AUGUSTA WOOD–PARTING AND RETURNING
AUGUSTA WOOD--PARTING AND RETURNING
October 21, 2017
6:00 pm - 8:00 pm

DENK gallery
749 E. Temple St, Los Angeles CA 90012


RECEPTION: SATURDAY, OCTOBER 21, 2017 6-8 PM

DENK gallery is pleased to announce Parting and Returning, a solo exhibition of new photographic works by Los Angeles-based artist, Augusta Wood. Wood’s evocative images invoke a feeling of spatial and temporal simultaneity. Using photography as a fluid and flexible medium rather than an empirically finite one, Wood combines photographs she’s taken at different moments in time, some weeks apart and others years, to synthesize new convergences of history, time and place. A project at times exploratory and tangential, and at others poignantly revisionist, Wood investigates the overlap and continuity of perceived time.

Wood’s work in the past has explored themes like the recall of lost domestic spaces from her childhood, looking to the subjective nature of imagistic memory and the personal act of remembering “home.” Though she continues to investigate the perceptual dimensions of “seeing,” and the personally loaded conversion of sight to memory, Wood’s new body of work refocuses on the conscious experience and immediacy of the present as an active constellation of multiple times and tenses rather than a singular moment exempt from past and future.

Working through a collage-like process, Wood constructs images through an overlay of separate and distinct photographic captures. Her images activate light as gesture and assert her presence as an agent of the imagery. At times they verge on the idiosyncratic composition of drawing, and the implied authorship of that deliberate staging, while at others they read as spectral or haunted spontaneities and observations. As though manifesting the invisible latency of lived impressions and their reliance on the individual’s subjective apprehension, Wood’s images explore the recession and emergence of the past and future in any given moment of the present. The before, after, and eventual are conflated to blur their edges, and the contents of the photograph oscillates within and between these temporal layers. Inevitably, the simultaneous feeling of presence and loss resonates throughout this body of work, as one indelibly defines the other in perpetuity.
Wood reveals the subtle and extreme photographic shifts in changing times of day, qualities of light, and physical vantage points, layering images to emulate the amorphous and collectively blurred nature of our experiential impressions. In Parting and Returning, these immersive, and layered composite images are shown alongside single, direct frames to create intersecting narratives and a sense of poetic synchronism.

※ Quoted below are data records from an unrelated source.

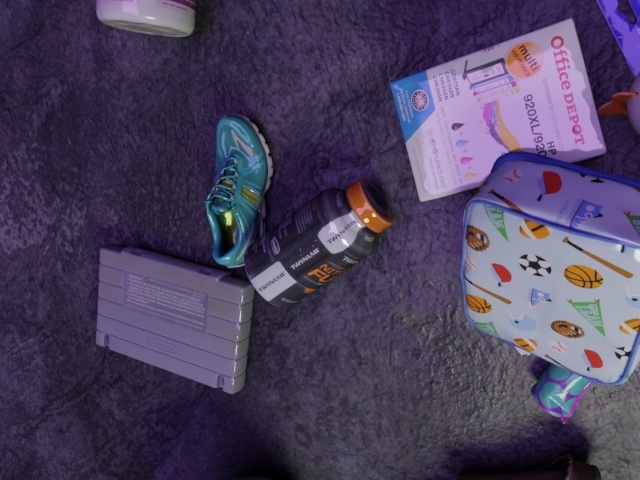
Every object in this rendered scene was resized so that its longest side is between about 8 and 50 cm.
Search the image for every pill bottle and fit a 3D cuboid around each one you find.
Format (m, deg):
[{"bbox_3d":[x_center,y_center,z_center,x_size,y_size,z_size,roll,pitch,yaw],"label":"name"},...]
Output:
[{"bbox_3d":[-0.291,-0.519,0.956,0.169,0.169,0.302,12,102,22],"label":"pill bottle"},{"bbox_3d":[0.000,0.000,0.926,0.245,0.130,0.130,-35,83,25],"label":"pill bottle"}]

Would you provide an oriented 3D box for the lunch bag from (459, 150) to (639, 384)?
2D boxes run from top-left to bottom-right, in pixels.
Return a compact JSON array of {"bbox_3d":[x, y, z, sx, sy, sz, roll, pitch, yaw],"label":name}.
[{"bbox_3d":[0.299,0.046,0.680,0.243,0.115,0.303,20,149,30],"label":"lunch bag"}]

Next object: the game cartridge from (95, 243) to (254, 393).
[{"bbox_3d":[-0.300,0.146,1.128,0.355,0.068,0.230,13,100,22],"label":"game cartridge"}]

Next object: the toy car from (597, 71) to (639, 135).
[{"bbox_3d":[0.467,-0.164,0.668,0.238,0.210,0.219,7,90,41],"label":"toy car"}]

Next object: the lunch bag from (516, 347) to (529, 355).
[{"bbox_3d":[0.314,0.124,0.847,0.071,0.053,0.083,-37,73,23],"label":"lunch bag"}]

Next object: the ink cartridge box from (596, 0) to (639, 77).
[{"bbox_3d":[0.466,-0.343,0.707,0.208,0.045,0.206,-27,87,27],"label":"ink cartridge box"}]

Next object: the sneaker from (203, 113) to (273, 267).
[{"bbox_3d":[-0.151,-0.087,0.993,0.107,0.110,0.275,2,98,24],"label":"sneaker"}]

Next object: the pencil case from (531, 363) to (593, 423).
[{"bbox_3d":[0.381,0.190,0.819,0.070,0.064,0.152,49,117,38],"label":"pencil case"}]

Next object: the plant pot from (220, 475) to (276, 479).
[{"bbox_3d":[-0.124,0.559,1.035,0.290,0.195,0.290,4,100,24],"label":"plant pot"}]

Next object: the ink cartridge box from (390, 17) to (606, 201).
[{"bbox_3d":[0.245,-0.166,0.766,0.232,0.168,0.171,-14,92,25],"label":"ink cartridge box"}]

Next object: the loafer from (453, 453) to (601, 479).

This self-conscious act of looking is central to the construction of Wood’s images, as is the pictorial distillation of psychic experience into a two-dimensional format. The complex subtlety of each image commands pause and slows the act of viewing to a poetic or interstitial pace. Whether in her nuanced observations of the shifting qualities of her personal space or the side by side self-portraits of mother and daughter taken some years apart, each image becomes a living imprint and gesture, reminiscent of both time’s passing and its cyclical return.

ABOUT AUGUSTA WOOD

Augusta Wood is a Los Angeles-based artist. Her work has been the subject of solo exhibitions at Cherry and Martin (Los Angeles) and Angles Gallery (Los Angeles), and has been featured in exhibitions at The Los Angeles County Museum of Art (LACMA), The George Eastman Museum (Rochester, NY), The Torrance Art Museum (Torrance, CA), Zach Feuer Gallery (New York), and Anton Kern Gallery (New York), among others.


Wood’s work has been written about in the Los Angeles Times, Modern Painters, Artillery Magazine, and The Huffington Post. A book of her photographic project entitled I have only what I remember was published in 2014. Her photographs are included in the permanent collections of The Museum of Contemporary Art, Los Angeles (MOCA), and The Los Angeles County Museum of Art (LACMA), and The George Eastman Museum.